§ **TASK OBJECTIVE**
Every line below needs to be printed again exactly, without any of its pictures.

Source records
──────────

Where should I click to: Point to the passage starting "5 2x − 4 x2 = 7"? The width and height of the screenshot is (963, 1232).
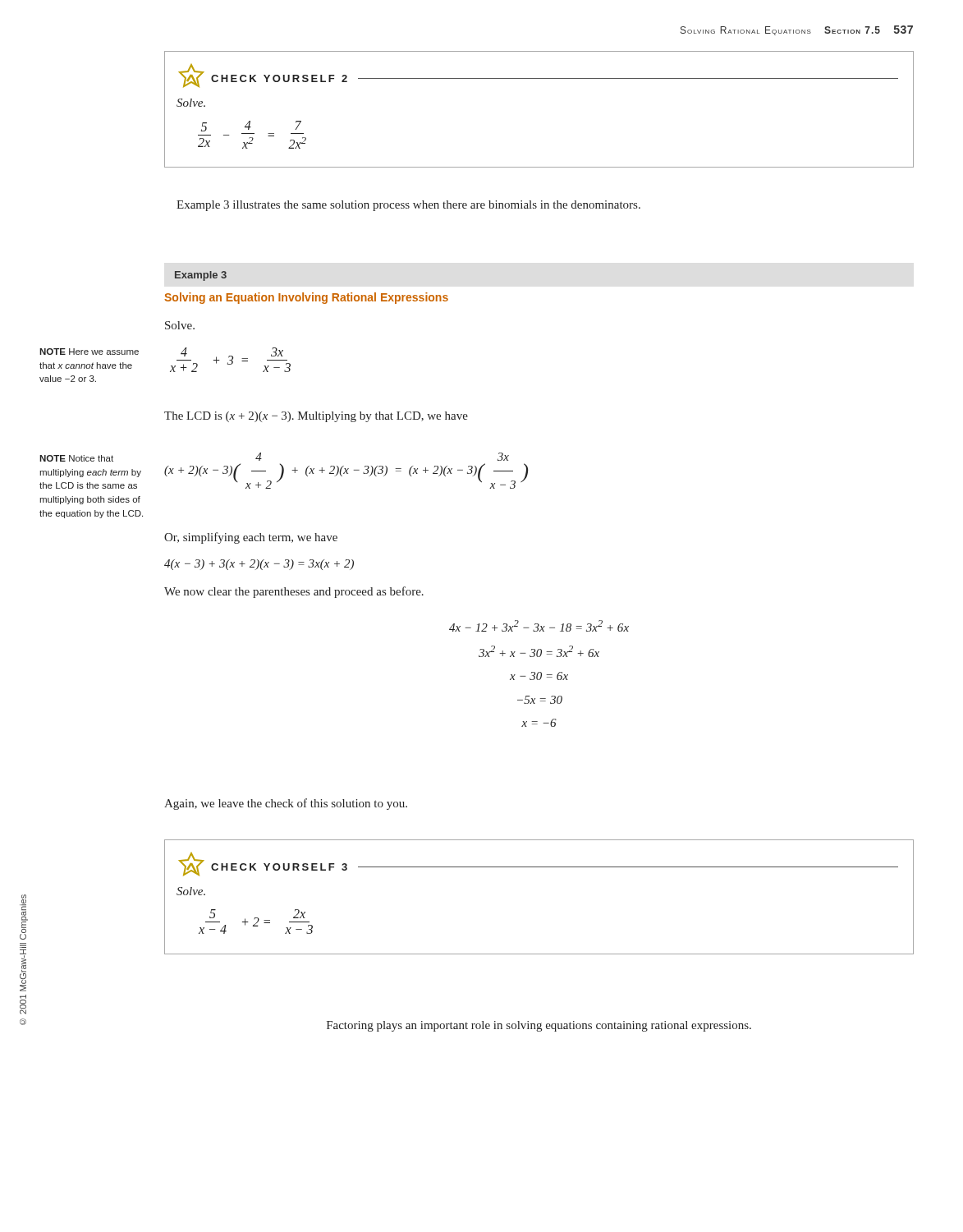(x=252, y=135)
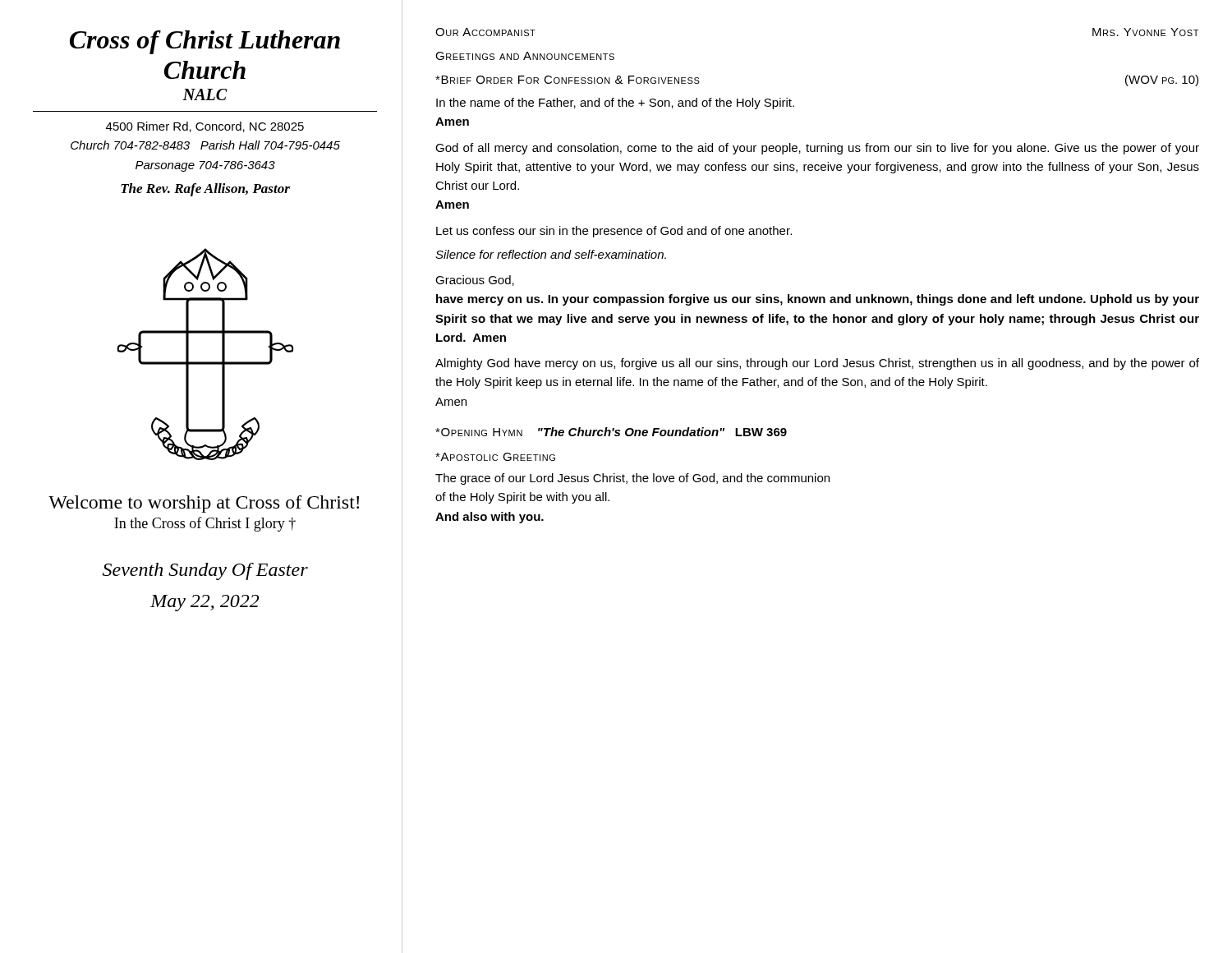Click on the illustration
1232x953 pixels.
click(205, 346)
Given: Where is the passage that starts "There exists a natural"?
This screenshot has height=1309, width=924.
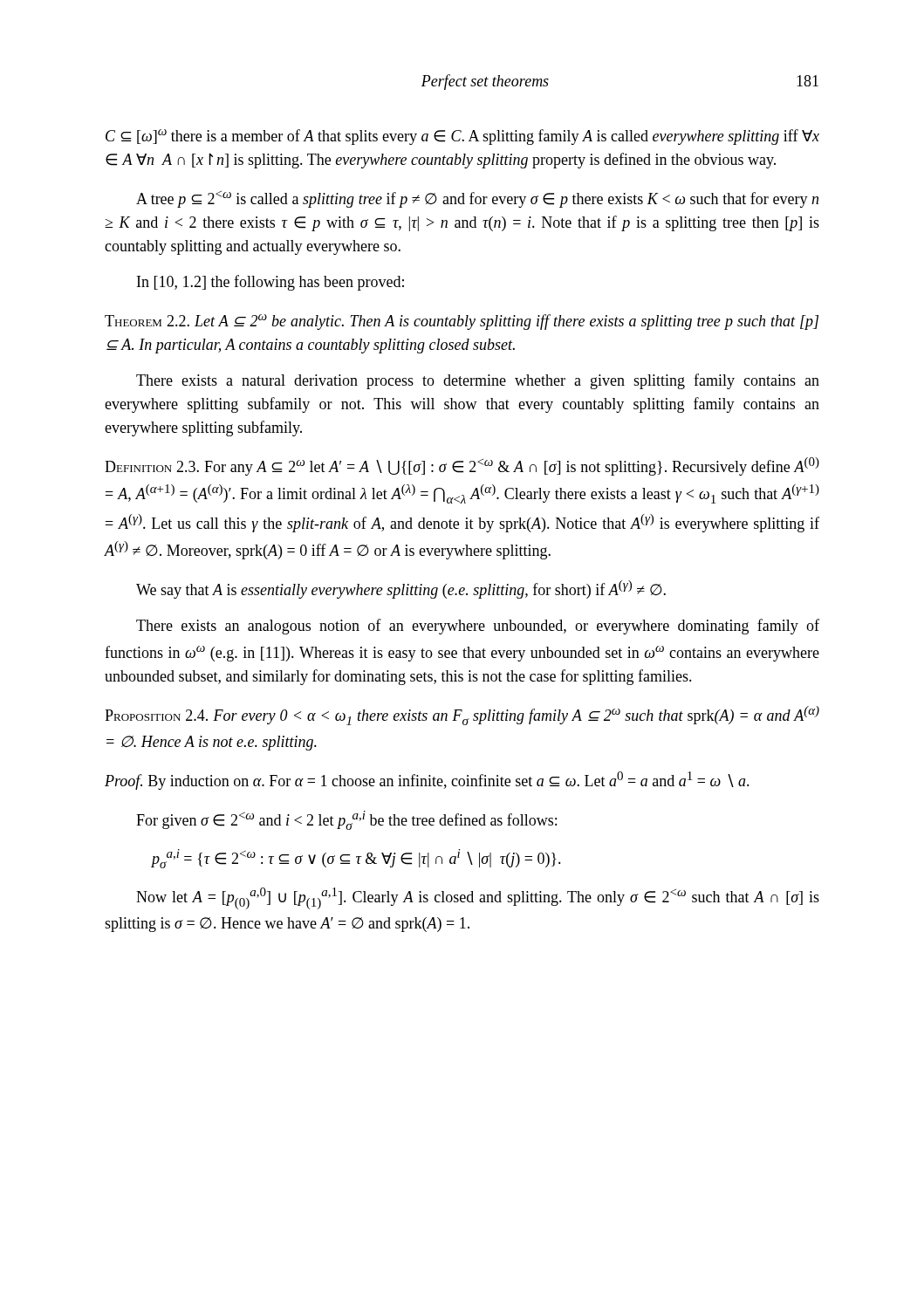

──────────

§ **FINAL ANSWER**
Where should I click to: Point to the passage starting "5 2x − 4 x2 = 7"? The width and height of the screenshot is (963, 1232).
(x=252, y=135)
Click on the illustration
1232x953 pixels.
click(205, 346)
Given: Where is the passage that starts "There exists a natural"?
This screenshot has height=1309, width=924.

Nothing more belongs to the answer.